Please note: once the download is complete, the file will be deleted from our servers.

This is not OK. If you look at a neighbouring issue https://trac.ffmpeg.org/ticket/9167, you'll see that FFmpeg issue tracker has the ability to attach files. Please use it.

Result too large

I'm getting “Numerical result out of range.” Most likely it's a ERANGE errno, which has different textual representations on different systems: https://www.gnu.org/software/libc/manual/html_node/Error-Codes.html.

phyzical commented 2 years ago

This is not OK. If you look at a neighbouring issue https://trac.ffmpeg.org/ticket/9167, you'll see that FFmpeg issue tracker has the ability to attach files. Please use it.
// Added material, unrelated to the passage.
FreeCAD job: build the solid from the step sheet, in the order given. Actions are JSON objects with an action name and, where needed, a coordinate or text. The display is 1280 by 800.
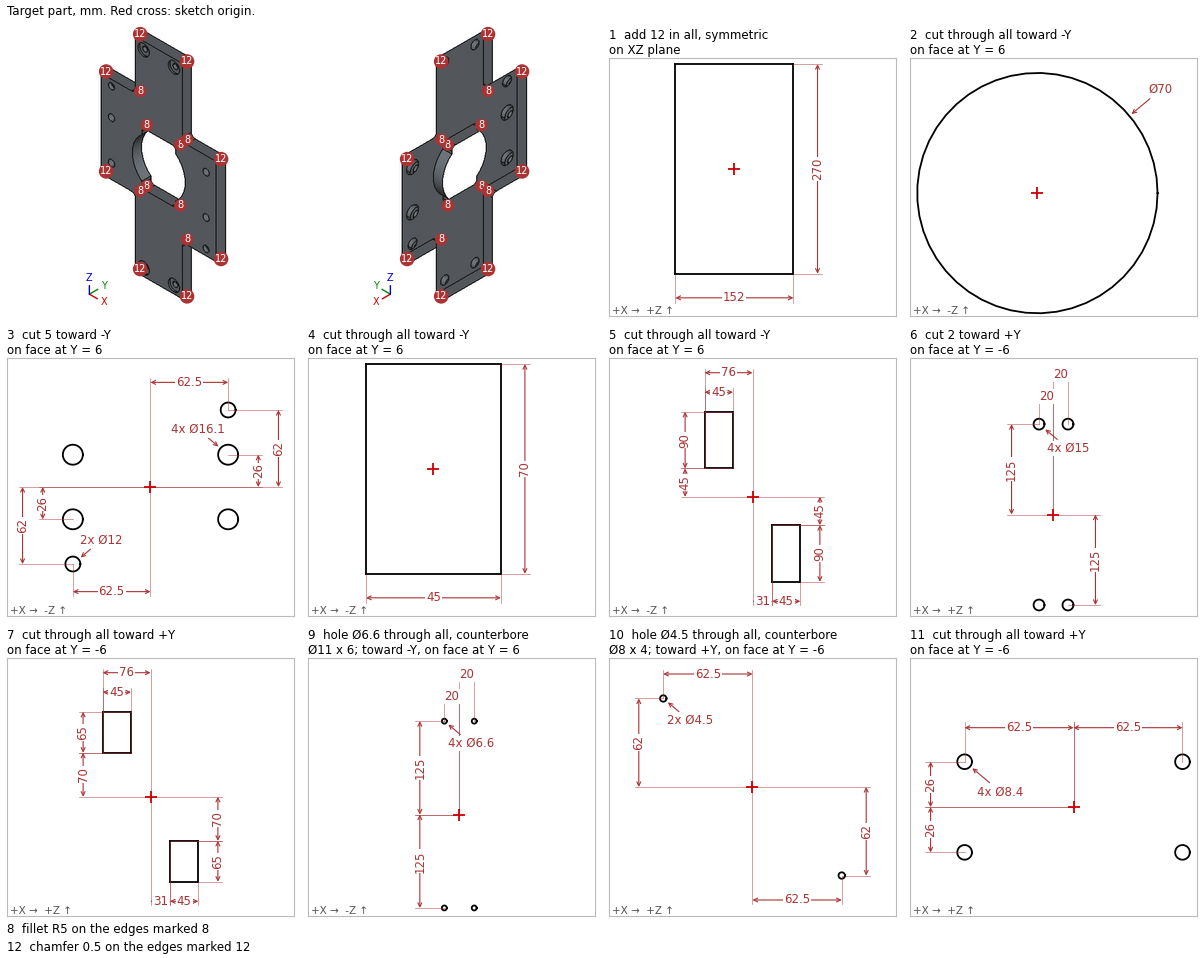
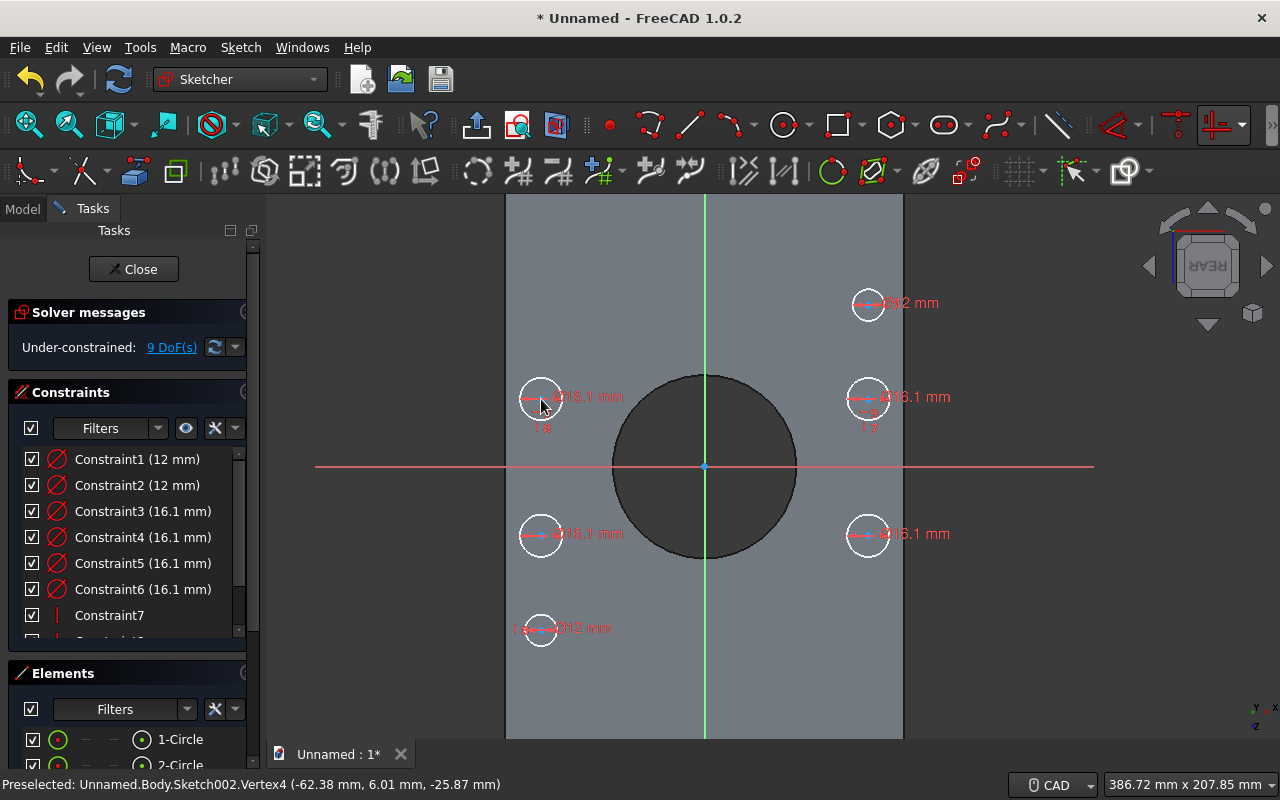
{"action": "left_click", "coordinate": [541, 630]}

ugh sorry completely overlooked the add attachment

thanks again :)

pukkandan commented 2 years ago

Closing this since there doesn't seem to be any workaround we can implement for this.

If anyone has a patch for the ffmpeg issue (and upstream doesn't accept it), please let us know so that we can apply it to https://github.com/yt-dlp/Ffmpeg-Builds

lamyergeier commented 8 months ago

@pukkandan I get Numerical result out of range, when there is a sponsorblock segment present and when I am trying to merge video, subtitle, thumbnail into one. What should I do?

Can we automatically skip merging the subtitle when this happens?